§ Source information:
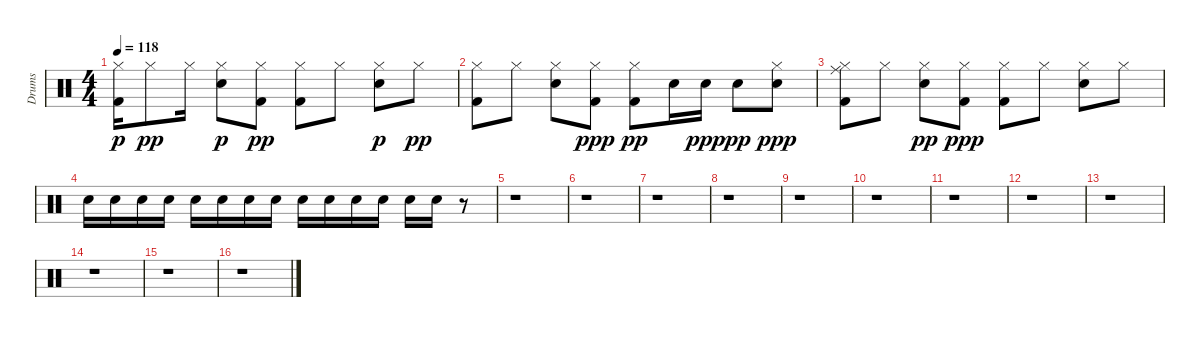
\track ("Drums" "Drums") {instrument percussion}
\staff {score}
\articulation defaults
\ts (4 4)
\tempo 118
\clef neutral
\ks c
("Kick (hit) 2" "Hi-Hat (closed)").16{dy p} "Hi-Hat (closed)".8{dy pp} "Hi-Hat (closed)".16 ("Snare (hit) 2" "Hi-Hat (closed)").8{dy p} ("Kick (hit) 2" "Hi-Hat (closed)").8{dy pp} ("Kick (hit) 2" "Hi-Hat (closed)").8 "Hi-Hat (closed)".8 ("Snare (hit) 2" "Hi-Hat (closed)").8{dy p} "Hi-Hat (closed)".8{dy pp} |
("Kick (hit) 2" "Hi-Hat (closed)").8 "Hi-Hat (closed)".8 ("Snare (hit) 2" "Hi-Hat (closed)").8 ("Kick (hit) 2" "Hi-Hat (closed)").8{dy ppp} ("Kick (hit) 2" "Hi-Hat (closed)").8{dy pp} "Snare (hit) 2".16 "Snare (hit) 2".16{dy ppp} "Snare (hit) 2".8{dy pp} ("Snare (hit) 2" "Hi-Hat (closed)").8{dy ppp} |
("Kick (hit) 2" "Hi-Hat (closed)" "Ride (middle)").8 "Hi-Hat (closed)".8 ("Snare (hit) 2" "Hi-Hat (closed)").8{dy pp} ("Kick (hit) 2" "Hi-Hat (closed)").8{dy ppp} ("Kick (hit) 2" "Hi-Hat (closed)").8 "Hi-Hat (closed)".8 ("Snare (hit) 2" "Hi-Hat (closed)").8 "Hi-Hat (closed)".8 |
"Snare (hit) 2".16 "Snare (hit) 2".16 "Snare (hit) 2".16 "Snare (hit) 2".16 "Snare (hit) 2".16 "Snare (hit) 2".16 "Snare (hit) 2".16 "Snare (hit) 2".16 "Snare (hit) 2".16 "Snare (hit) 2".16 "Snare (hit) 2".16 "Snare (hit) 2".16 "Snare (hit) 2".16 "Snare (hit) 2".16 r.8 |
r.1 |
r.1 |
r.1 |
r.1 |
r.1 |
r.1 |
r.1 |
r.1 |
r.1 |
r.1 |
r.1 |
r.1
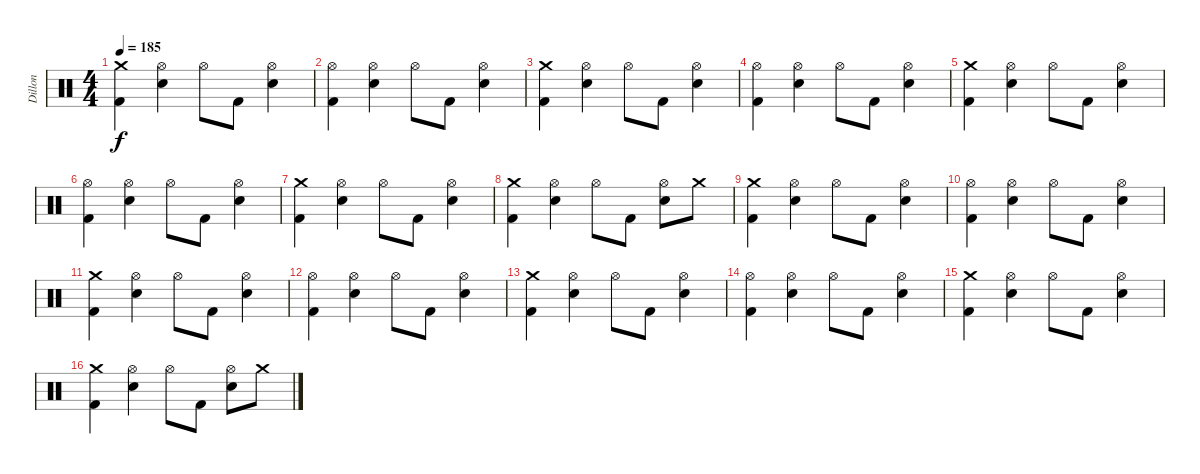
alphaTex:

\track ("Dillon" "Dillon") {instrument percussion}
\staff {score}
\articulation defaults
\ts (4 4)
\tempo 185
\clef neutral
\ks c
("Crash medium (hit)" "Kick (hit) 2").4{dy f} ("Hi-Hat (open)" "Electric Snare (hit)").4 "Hi-Hat (open)".8 "Kick (hit) 2".8 ("Hi-Hat (open)" "Electric Snare (hit)").4 |
("Hi-Hat (open)" "Kick (hit) 2").4 ("Hi-Hat (open)" "Electric Snare (hit)").4 "Hi-Hat (open)".8 "Kick (hit) 2".8 ("Hi-Hat (open)" "Electric Snare (hit)").4 |
("Crash medium (hit)" "Kick (hit) 2").4 ("Hi-Hat (open)" "Electric Snare (hit)").4 "Hi-Hat (open)".8 "Kick (hit) 2".8 ("Hi-Hat (open)" "Electric Snare (hit)").4 |
("Hi-Hat (open)" "Kick (hit) 2").4 ("Hi-Hat (open)" "Electric Snare (hit)").4 "Hi-Hat (open)".8 "Kick (hit) 2".8 ("Hi-Hat (open)" "Electric Snare (hit)").4 |
("Crash medium (hit)" "Kick (hit) 2").4 ("Hi-Hat (open)" "Electric Snare (hit)").4 "Hi-Hat (open)".8 "Kick (hit) 2".8 ("Hi-Hat (open)" "Electric Snare (hit)").4 |
("Hi-Hat (open)" "Kick (hit) 2").4 ("Hi-Hat (open)" "Electric Snare (hit)").4 "Hi-Hat (open)".8 "Kick (hit) 2".8 ("Hi-Hat (open)" "Electric Snare (hit)").4 |
("Crash medium (hit)" "Kick (hit) 2").4 ("Hi-Hat (open)" "Electric Snare (hit)").4 "Hi-Hat (open)".8 "Kick (hit) 2".8 ("Hi-Hat (open)" "Electric Snare (hit)").4 |
("Crash medium (hit)" "Kick (hit) 2").4 ("Hi-Hat (open)" "Electric Snare (hit)").4 "Hi-Hat (open)".8 "Kick (hit) 2".8 ("Hi-Hat (open)" "Electric Snare (hit)").8 "Crash medium (hit)".8 |
("Crash medium (hit)" "Kick (hit) 2").4 ("Hi-Hat (open)" "Electric Snare (hit)").4 "Hi-Hat (open)".8 "Kick (hit) 2".8 ("Hi-Hat (open)" "Electric Snare (hit)").4 |
("Hi-Hat (open)" "Kick (hit) 2").4 ("Hi-Hat (open)" "Electric Snare (hit)").4 "Hi-Hat (open)".8 "Kick (hit) 2".8 ("Hi-Hat (open)" "Electric Snare (hit)").4 |
("Crash medium (hit)" "Kick (hit) 2").4 ("Hi-Hat (open)" "Electric Snare (hit)").4 "Hi-Hat (open)".8 "Kick (hit) 2".8 ("Hi-Hat (open)" "Electric Snare (hit)").4 |
("Hi-Hat (open)" "Kick (hit) 2").4 ("Hi-Hat (open)" "Electric Snare (hit)").4 "Hi-Hat (open)".8 "Kick (hit) 2".8 ("Hi-Hat (open)" "Electric Snare (hit)").4 |
("Crash medium (hit)" "Kick (hit) 2").4 ("Hi-Hat (open)" "Electric Snare (hit)").4 "Hi-Hat (open)".8 "Kick (hit) 2".8 ("Hi-Hat (open)" "Electric Snare (hit)").4 |
("Hi-Hat (open)" "Kick (hit) 2").4 ("Hi-Hat (open)" "Electric Snare (hit)").4 "Hi-Hat (open)".8 "Kick (hit) 2".8 ("Hi-Hat (open)" "Electric Snare (hit)").4 |
("Crash medium (hit)" "Kick (hit) 2").4 ("Hi-Hat (open)" "Electric Snare (hit)").4 "Hi-Hat (open)".8 "Kick (hit) 2".8 ("Hi-Hat (open)" "Electric Snare (hit)").4 |
("Crash medium (hit)" "Kick (hit) 2").4 ("Hi-Hat (open)" "Electric Snare (hit)").4 "Hi-Hat (open)".8 "Kick (hit) 2".8 ("Hi-Hat (open)" "Electric Snare (hit)").8 "Crash medium (hit)".8
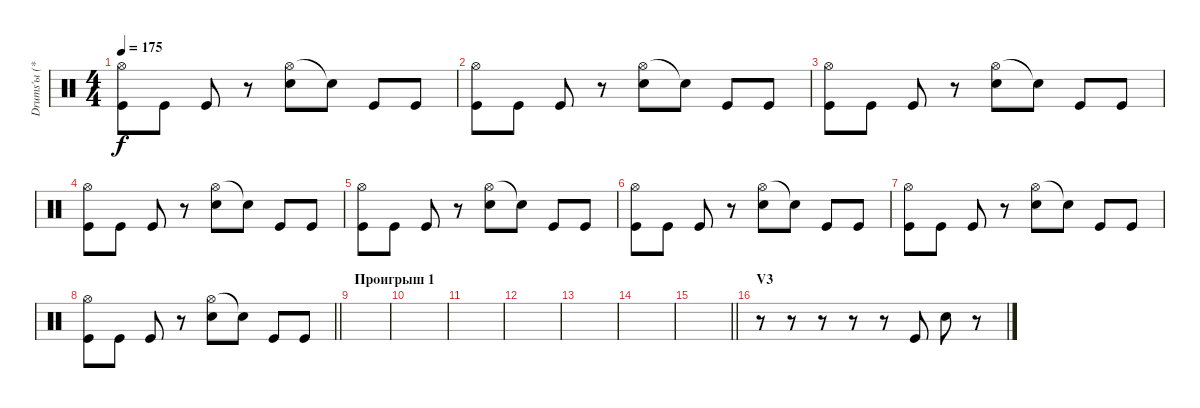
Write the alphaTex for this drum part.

\track ("Drums'ы (***)" "Drums'ы (*") {instrument percussion}
\staff {score}
\articulation defaults
\ts (4 4)
\tempo 175
\clef neutral
\ks c
("Hi-Hat (open)" "Kick (hit)").8{dy f} "Kick (hit)".8 "Kick (hit)".8 r.8 ("Hi-Hat (open)" "Electric Snare (hit)").8 "Snare (hit)"{t}.8 "Kick (hit)".8 "Kick (hit)".8 |
("Hi-Hat (open)" "Kick (hit)").8 "Kick (hit)".8 "Kick (hit)".8 r.8 ("Hi-Hat (open)" "Electric Snare (hit)").8 "Snare (hit)"{t}.8 "Kick (hit)".8 "Kick (hit)".8 |
("Hi-Hat (open)" "Kick (hit)").8 "Kick (hit)".8 "Kick (hit)".8 r.8 ("Hi-Hat (open)" "Electric Snare (hit)").8 "Snare (hit)"{t}.8 "Kick (hit)".8 "Kick (hit)".8 |
("Hi-Hat (open)" "Kick (hit)").8 "Kick (hit)".8 "Kick (hit)".8 r.8 ("Hi-Hat (open)" "Electric Snare (hit)").8 "Snare (hit)"{t}.8 "Kick (hit)".8 "Kick (hit)".8 |
("Hi-Hat (open)" "Kick (hit)").8 "Kick (hit)".8 "Kick (hit)".8 r.8 ("Hi-Hat (open)" "Electric Snare (hit)").8 "Snare (hit)"{t}.8 "Kick (hit)".8 "Kick (hit)".8 |
("Hi-Hat (open)" "Kick (hit)").8 "Kick (hit)".8 "Kick (hit)".8 r.8 ("Hi-Hat (open)" "Electric Snare (hit)").8 "Snare (hit)"{t}.8 "Kick (hit)".8 "Kick (hit)".8 |
("Hi-Hat (open)" "Kick (hit)").8 "Kick (hit)".8 "Kick (hit)".8 r.8 ("Hi-Hat (open)" "Electric Snare (hit)").8 "Snare (hit)"{t}.8 "Kick (hit)".8 "Kick (hit)".8 |
\barLineRight lightlight
("Hi-Hat (open)" "Kick (hit)").8 "Kick (hit)".8 "Kick (hit)".8 r.8 ("Hi-Hat (open)" "Electric Snare (hit)").8 "Snare (hit)"{t}.8 "Kick (hit)".8 "Kick (hit)".8 |
\section ("" "Проигрыш 1")
|
|
|
|
|
|
\barLineRight lightlight
|
\section ("" "V3")
r.8 r.8 r.8 r.8 r.8 "Kick (hit)".8 "Electric Snare (hit)".8 r.8

§ Directions:
For this exercise, copy word for word the line that contains "Write the alphaTex for this drum part." and every line after it, ending with the last line of the entries above.

§ Answer space:
Write the alphaTex for this drum part.

\track ("Drums'ы (***)" "Drums'ы (*") {instrument percussion}
\staff {score}
\articulation defaults
\ts (4 4)
\tempo 175
\clef neutral
\ks c
("Hi-Hat (open)" "Kick (hit)").8{dy f} "Kick (hit)".8 "Kick (hit)".8 r.8 ("Hi-Hat (open)" "Electric Snare (hit)").8 "Snare (hit)"{t}.8 "Kick (hit)".8 "Kick (hit)".8 |
("Hi-Hat (open)" "Kick (hit)").8 "Kick (hit)".8 "Kick (hit)".8 r.8 ("Hi-Hat (open)" "Electric Snare (hit)").8 "Snare (hit)"{t}.8 "Kick (hit)".8 "Kick (hit)".8 |
("Hi-Hat (open)" "Kick (hit)").8 "Kick (hit)".8 "Kick (hit)".8 r.8 ("Hi-Hat (open)" "Electric Snare (hit)").8 "Snare (hit)"{t}.8 "Kick (hit)".8 "Kick (hit)".8 |
("Hi-Hat (open)" "Kick (hit)").8 "Kick (hit)".8 "Kick (hit)".8 r.8 ("Hi-Hat (open)" "Electric Snare (hit)").8 "Snare (hit)"{t}.8 "Kick (hit)".8 "Kick (hit)".8 |
("Hi-Hat (open)" "Kick (hit)").8 "Kick (hit)".8 "Kick (hit)".8 r.8 ("Hi-Hat (open)" "Electric Snare (hit)").8 "Snare (hit)"{t}.8 "Kick (hit)".8 "Kick (hit)".8 |
("Hi-Hat (open)" "Kick (hit)").8 "Kick (hit)".8 "Kick (hit)".8 r.8 ("Hi-Hat (open)" "Electric Snare (hit)").8 "Snare (hit)"{t}.8 "Kick (hit)".8 "Kick (hit)".8 |
("Hi-Hat (open)" "Kick (hit)").8 "Kick (hit)".8 "Kick (hit)".8 r.8 ("Hi-Hat (open)" "Electric Snare (hit)").8 "Snare (hit)"{t}.8 "Kick (hit)".8 "Kick (hit)".8 |
\barLineRight lightlight
("Hi-Hat (open)" "Kick (hit)").8 "Kick (hit)".8 "Kick (hit)".8 r.8 ("Hi-Hat (open)" "Electric Snare (hit)").8 "Snare (hit)"{t}.8 "Kick (hit)".8 "Kick (hit)".8 |
\section ("" "Проигрыш 1")
|
|
|
|
|
|
\barLineRight lightlight
|
\section ("" "V3")
r.8 r.8 r.8 r.8 r.8 "Kick (hit)".8 "Electric Snare (hit)".8 r.8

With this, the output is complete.